Look through the entries below and return all lines including the word "each".

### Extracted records
════════════════════

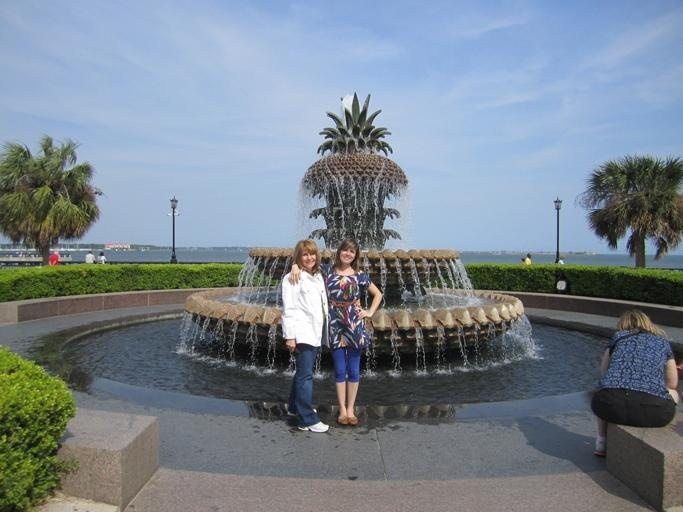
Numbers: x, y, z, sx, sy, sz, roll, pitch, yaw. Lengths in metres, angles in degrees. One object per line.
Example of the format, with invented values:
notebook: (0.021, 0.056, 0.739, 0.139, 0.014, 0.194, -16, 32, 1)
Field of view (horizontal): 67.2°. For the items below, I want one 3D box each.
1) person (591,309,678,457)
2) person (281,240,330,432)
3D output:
person: (2.934, 1.222, 5.132, 0.706, 1.297, 0.747, 0, 2, 36)
person: (-0.422, 0.915, 6.095, 0.520, 2.215, 0.498, -1, 1, -2)
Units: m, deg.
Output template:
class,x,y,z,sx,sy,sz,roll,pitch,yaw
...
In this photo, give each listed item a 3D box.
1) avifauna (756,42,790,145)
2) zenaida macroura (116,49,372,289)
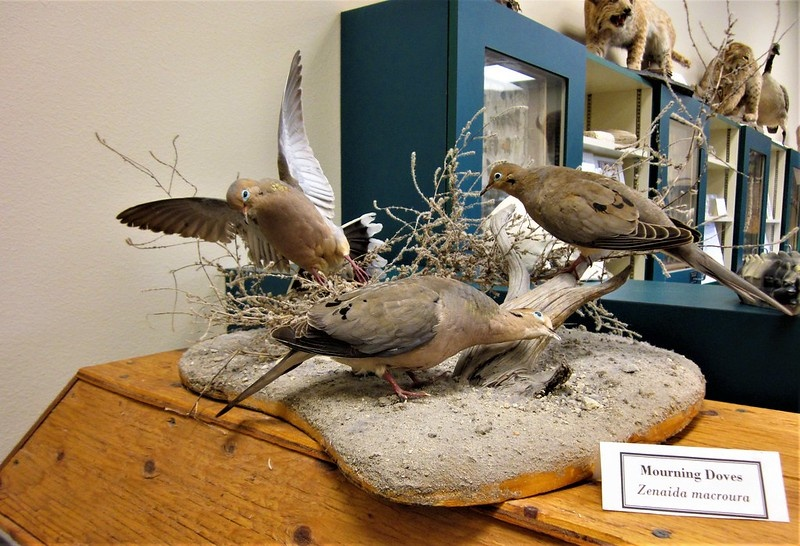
class,x,y,z,sx,sy,sz,roll,pitch,yaw
avifauna,2.782,-1.266,5.101,0.198,0.636,0.919,8,16,28
zenaida macroura,-0.588,-0.365,2.430,0.848,0.578,0.631,-38,5,8
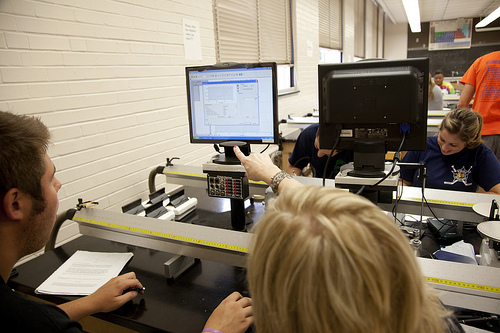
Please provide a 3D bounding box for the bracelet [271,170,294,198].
[{"bbox_3d":[0.153,0.083,1.673,0.095,0.077,0.118,-26,6,8],"label":"bracelet"}]

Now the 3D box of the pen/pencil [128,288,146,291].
[{"bbox_3d":[-0.497,0.540,1.513,0.040,0.012,0.028,3,-25,-22],"label":"pen/pencil"}]
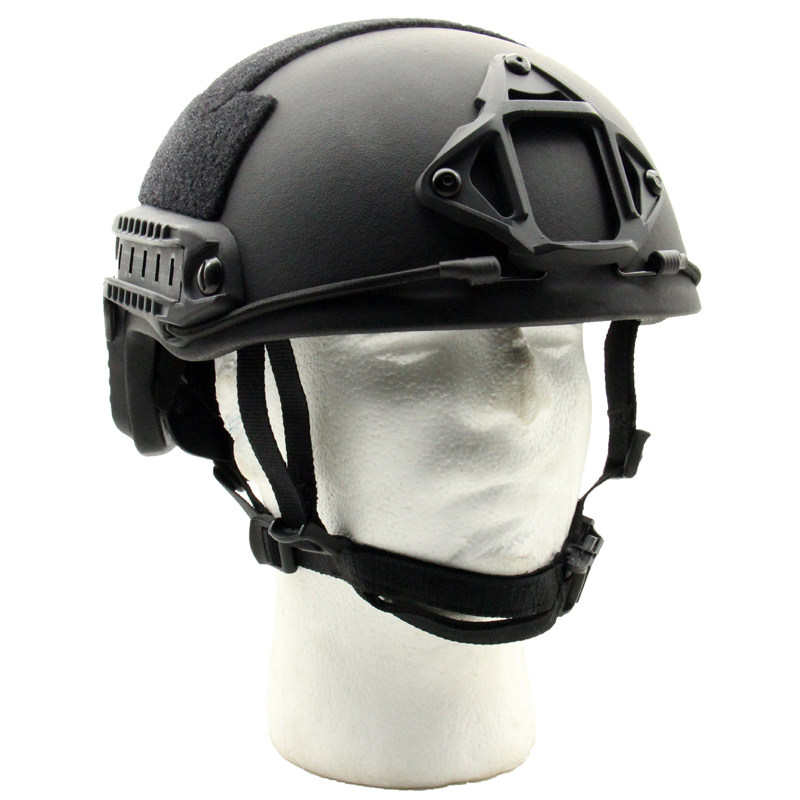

════════════════════

### Response to the task
Field of view (horizontal): 67.2°. For the items below, I want one 3D box each.
In this photo, give each listed item a 3D box.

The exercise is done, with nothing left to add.